To determine the zeros of the quadratic function \( y = -x^2 + 16x - 39 \), we need to solve the equation:
\[ -x^2 + 16x - 39 = 0 \]
First, we can rearrange it into standard form by multiplying the entire equation by -1:
\[ x^2 - 16x + 39 = 0 \]
Now, we will use the quadratic formula \( x = \frac{-b \pm \sqrt{b^2 - 4ac}}{2a} \), where \( a = 1 \), \( b = -16 \), and \( c = 39 \).
Calculating the discriminant \( b^2 - 4ac \):
\[ b^2 - 4ac = (-16)^2 - 4(1)(39) = 256 - 156 = 100 \]

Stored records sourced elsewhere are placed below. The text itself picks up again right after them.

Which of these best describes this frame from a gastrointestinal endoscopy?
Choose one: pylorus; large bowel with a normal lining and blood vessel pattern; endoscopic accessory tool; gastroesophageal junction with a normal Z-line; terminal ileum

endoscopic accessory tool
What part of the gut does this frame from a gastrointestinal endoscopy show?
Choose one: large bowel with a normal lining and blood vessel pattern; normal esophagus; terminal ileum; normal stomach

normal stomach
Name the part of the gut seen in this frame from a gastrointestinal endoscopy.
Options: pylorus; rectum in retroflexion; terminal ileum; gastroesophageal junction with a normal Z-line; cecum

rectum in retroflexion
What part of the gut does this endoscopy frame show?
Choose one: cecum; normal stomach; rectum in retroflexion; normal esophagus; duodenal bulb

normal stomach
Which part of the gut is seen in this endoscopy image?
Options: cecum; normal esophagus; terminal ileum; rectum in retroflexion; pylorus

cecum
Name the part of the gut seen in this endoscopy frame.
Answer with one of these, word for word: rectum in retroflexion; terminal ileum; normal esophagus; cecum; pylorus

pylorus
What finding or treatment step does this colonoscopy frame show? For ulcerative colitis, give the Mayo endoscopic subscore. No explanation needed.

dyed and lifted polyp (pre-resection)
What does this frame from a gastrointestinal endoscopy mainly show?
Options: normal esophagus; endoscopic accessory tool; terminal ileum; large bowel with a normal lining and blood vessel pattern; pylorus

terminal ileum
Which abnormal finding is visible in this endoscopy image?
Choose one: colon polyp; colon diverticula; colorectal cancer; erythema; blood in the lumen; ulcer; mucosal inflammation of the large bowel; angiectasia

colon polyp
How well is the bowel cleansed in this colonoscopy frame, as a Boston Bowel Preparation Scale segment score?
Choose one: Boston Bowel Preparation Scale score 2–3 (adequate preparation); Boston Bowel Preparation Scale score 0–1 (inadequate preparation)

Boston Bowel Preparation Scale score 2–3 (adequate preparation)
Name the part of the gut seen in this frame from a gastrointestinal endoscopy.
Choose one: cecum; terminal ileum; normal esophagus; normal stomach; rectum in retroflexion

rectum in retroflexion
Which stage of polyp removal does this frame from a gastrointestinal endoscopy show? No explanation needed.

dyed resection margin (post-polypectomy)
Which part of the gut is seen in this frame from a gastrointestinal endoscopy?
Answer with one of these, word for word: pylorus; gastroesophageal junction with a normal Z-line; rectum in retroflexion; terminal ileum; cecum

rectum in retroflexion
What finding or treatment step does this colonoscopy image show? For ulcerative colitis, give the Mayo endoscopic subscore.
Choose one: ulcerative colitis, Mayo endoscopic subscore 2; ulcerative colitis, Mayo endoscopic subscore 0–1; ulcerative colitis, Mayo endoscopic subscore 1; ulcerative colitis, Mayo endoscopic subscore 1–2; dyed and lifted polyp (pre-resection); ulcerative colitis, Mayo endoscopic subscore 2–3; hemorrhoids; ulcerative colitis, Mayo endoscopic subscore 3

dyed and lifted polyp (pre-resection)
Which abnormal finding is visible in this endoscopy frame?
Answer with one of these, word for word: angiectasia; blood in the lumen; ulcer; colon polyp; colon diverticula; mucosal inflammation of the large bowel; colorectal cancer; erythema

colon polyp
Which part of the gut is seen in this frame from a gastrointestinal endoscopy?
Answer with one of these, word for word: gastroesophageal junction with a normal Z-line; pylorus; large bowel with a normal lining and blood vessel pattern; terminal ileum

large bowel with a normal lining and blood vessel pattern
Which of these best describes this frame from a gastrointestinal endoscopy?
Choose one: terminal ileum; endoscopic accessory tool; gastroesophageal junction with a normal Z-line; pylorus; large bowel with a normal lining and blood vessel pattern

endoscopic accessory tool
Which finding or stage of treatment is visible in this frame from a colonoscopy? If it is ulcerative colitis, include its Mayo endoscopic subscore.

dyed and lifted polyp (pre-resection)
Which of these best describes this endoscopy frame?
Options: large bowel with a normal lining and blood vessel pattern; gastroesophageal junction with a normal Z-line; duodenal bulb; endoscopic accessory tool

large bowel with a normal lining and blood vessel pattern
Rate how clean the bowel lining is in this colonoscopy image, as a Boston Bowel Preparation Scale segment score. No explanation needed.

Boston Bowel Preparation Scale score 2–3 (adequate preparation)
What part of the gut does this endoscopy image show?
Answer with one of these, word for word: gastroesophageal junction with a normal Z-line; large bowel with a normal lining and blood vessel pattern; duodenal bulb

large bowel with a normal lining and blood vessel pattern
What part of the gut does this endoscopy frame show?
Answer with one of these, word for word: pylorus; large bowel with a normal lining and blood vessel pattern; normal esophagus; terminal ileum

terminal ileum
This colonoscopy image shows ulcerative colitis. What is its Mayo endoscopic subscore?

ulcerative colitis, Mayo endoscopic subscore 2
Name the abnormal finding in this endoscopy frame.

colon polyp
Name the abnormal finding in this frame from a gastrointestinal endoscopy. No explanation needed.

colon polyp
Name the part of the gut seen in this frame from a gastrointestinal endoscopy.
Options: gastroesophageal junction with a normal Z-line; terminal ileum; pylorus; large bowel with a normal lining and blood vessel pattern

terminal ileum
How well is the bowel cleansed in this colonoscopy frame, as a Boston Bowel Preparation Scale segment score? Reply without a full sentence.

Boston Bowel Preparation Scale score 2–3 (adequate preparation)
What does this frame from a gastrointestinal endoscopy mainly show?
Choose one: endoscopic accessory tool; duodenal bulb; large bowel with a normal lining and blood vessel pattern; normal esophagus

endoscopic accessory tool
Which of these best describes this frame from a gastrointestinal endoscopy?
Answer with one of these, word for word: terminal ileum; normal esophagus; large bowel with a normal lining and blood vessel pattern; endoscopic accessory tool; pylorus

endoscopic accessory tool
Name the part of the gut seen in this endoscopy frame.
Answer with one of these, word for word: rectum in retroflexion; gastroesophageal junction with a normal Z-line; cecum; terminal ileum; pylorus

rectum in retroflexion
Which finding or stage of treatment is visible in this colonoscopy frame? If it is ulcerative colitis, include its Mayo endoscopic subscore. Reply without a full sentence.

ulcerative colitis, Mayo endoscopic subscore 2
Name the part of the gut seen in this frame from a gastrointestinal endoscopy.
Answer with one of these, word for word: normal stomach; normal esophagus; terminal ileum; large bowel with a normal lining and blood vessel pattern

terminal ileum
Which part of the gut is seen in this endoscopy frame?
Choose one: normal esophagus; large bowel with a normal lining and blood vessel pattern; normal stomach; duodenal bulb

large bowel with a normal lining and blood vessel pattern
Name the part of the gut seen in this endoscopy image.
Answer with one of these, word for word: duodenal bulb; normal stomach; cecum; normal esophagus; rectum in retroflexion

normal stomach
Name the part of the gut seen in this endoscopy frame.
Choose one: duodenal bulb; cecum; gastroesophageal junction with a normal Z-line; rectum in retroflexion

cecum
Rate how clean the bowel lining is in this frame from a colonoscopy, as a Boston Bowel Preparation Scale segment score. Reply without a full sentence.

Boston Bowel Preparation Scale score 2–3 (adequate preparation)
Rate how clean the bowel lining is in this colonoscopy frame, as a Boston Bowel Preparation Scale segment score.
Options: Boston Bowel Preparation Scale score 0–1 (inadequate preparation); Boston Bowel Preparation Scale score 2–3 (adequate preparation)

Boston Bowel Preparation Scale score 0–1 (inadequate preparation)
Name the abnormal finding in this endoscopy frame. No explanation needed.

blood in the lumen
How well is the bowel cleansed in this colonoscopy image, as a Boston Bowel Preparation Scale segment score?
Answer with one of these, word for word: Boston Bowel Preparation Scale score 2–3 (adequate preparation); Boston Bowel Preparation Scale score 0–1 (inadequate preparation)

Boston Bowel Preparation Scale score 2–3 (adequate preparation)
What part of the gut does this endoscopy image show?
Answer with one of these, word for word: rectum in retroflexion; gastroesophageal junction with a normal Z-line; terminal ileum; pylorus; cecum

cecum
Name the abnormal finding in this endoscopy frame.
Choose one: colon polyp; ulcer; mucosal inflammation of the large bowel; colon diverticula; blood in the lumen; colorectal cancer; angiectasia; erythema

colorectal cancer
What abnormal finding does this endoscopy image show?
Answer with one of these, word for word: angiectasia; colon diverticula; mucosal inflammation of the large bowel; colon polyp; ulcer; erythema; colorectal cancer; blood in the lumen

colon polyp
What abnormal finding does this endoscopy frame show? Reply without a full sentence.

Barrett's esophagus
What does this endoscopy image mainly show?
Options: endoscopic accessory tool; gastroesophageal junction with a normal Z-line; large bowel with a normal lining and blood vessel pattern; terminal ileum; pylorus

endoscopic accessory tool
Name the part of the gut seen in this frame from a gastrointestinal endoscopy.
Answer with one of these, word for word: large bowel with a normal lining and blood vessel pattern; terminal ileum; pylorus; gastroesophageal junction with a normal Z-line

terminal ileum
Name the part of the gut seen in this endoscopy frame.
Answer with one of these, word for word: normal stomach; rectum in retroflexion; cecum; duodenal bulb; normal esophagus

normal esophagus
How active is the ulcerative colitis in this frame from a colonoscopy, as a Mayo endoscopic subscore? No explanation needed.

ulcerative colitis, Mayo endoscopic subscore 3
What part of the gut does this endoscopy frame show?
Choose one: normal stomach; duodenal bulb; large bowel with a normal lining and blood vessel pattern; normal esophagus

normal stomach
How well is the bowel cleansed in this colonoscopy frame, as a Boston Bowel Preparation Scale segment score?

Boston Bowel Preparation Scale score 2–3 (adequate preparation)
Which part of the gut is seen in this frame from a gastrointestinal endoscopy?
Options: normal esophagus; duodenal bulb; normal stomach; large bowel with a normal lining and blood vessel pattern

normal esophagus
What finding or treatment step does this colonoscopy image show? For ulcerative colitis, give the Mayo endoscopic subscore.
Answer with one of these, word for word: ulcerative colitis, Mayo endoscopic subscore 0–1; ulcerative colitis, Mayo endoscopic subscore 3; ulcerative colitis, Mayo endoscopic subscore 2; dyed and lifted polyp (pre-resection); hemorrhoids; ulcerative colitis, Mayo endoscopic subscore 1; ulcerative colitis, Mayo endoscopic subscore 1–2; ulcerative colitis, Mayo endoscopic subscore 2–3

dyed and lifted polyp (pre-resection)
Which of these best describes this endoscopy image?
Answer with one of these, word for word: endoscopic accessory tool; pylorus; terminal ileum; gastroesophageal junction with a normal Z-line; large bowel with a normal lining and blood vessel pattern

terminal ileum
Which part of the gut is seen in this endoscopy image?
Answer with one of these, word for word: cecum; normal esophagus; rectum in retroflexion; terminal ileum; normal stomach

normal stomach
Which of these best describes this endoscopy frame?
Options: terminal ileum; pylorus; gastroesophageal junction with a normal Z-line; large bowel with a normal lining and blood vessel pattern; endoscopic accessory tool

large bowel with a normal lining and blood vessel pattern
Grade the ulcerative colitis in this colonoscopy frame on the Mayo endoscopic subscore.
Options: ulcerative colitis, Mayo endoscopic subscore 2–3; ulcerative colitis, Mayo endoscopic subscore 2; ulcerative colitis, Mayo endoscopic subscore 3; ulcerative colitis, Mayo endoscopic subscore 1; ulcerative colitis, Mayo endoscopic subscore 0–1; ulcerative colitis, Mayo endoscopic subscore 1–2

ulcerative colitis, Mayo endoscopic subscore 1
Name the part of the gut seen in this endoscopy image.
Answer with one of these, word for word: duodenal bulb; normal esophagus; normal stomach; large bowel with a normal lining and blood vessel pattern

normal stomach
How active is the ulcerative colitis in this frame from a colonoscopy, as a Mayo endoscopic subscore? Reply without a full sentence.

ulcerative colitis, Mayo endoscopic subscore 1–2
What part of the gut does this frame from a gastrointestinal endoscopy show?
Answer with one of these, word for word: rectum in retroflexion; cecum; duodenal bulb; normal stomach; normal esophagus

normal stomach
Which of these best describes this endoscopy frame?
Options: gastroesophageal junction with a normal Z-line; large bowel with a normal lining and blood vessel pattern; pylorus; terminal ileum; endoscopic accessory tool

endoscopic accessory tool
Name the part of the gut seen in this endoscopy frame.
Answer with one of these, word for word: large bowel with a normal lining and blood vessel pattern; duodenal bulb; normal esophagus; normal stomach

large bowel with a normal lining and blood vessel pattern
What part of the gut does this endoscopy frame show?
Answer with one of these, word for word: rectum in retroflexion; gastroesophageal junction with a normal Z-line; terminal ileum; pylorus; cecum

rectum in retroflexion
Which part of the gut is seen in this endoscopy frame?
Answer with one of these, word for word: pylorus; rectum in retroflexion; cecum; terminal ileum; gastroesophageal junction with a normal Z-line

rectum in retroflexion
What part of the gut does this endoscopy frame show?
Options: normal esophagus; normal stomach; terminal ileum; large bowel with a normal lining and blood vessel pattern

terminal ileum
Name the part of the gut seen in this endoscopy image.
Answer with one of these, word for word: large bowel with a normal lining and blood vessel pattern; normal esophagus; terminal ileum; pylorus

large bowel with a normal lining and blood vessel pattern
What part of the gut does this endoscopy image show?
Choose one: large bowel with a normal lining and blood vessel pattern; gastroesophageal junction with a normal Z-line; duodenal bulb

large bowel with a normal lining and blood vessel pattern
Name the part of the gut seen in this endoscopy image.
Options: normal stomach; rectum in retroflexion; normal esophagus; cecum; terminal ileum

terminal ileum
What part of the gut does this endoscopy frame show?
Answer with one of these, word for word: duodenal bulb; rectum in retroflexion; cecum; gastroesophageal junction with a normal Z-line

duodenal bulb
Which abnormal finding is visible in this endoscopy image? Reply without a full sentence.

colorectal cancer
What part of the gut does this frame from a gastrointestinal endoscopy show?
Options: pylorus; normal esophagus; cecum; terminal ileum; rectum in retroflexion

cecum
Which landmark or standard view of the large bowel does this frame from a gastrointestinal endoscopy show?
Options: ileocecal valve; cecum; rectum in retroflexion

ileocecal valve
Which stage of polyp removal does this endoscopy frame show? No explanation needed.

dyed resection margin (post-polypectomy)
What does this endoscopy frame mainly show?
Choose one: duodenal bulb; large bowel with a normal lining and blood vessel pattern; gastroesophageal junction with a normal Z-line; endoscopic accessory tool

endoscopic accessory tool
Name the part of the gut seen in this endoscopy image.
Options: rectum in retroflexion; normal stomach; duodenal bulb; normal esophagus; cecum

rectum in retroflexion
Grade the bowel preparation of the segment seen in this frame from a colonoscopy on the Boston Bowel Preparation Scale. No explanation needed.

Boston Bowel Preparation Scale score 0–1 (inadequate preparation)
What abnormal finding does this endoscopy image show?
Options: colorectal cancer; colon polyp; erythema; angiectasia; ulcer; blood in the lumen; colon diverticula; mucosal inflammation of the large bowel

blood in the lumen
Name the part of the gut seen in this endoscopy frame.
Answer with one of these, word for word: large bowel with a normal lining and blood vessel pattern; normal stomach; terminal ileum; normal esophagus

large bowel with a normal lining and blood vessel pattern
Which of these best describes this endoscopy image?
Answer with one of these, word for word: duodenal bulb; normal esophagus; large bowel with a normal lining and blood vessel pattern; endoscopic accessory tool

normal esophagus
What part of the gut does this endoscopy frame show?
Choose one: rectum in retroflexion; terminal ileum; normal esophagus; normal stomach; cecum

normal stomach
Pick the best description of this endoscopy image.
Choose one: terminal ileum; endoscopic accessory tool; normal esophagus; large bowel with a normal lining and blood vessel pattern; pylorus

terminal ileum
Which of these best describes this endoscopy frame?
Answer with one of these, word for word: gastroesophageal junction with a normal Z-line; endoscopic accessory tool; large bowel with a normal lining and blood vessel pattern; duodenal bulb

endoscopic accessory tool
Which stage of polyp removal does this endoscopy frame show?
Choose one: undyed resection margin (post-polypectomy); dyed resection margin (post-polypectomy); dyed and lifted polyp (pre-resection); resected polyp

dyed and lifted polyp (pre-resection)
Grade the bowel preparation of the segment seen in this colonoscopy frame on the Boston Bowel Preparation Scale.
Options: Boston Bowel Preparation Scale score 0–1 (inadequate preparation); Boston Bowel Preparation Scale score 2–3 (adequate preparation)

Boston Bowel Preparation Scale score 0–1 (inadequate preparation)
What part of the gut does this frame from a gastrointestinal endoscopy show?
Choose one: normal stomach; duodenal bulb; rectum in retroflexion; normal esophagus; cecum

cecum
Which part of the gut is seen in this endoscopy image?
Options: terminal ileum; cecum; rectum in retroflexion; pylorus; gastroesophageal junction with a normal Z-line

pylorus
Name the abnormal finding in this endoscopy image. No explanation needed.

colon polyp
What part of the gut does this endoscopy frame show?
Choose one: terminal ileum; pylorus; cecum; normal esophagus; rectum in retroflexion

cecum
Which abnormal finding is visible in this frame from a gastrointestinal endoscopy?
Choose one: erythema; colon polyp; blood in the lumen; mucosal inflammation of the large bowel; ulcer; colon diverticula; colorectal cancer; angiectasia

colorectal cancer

Now substituting back into the quadratic formula:
\[ x = \frac{-(-16) \pm \sqrt{100}}{2 \cdot 1} = \frac{16 \pm 10}{2} \]
Calculating the two potential values for \( x \):
- For the positive case:
\[ x = \frac{16 + 10}{2} = \frac{26}{2} = 13 \]
- For the negative case:
\[ x = \frac{16 - 10}{2} = \frac{6}{2} = 3 \]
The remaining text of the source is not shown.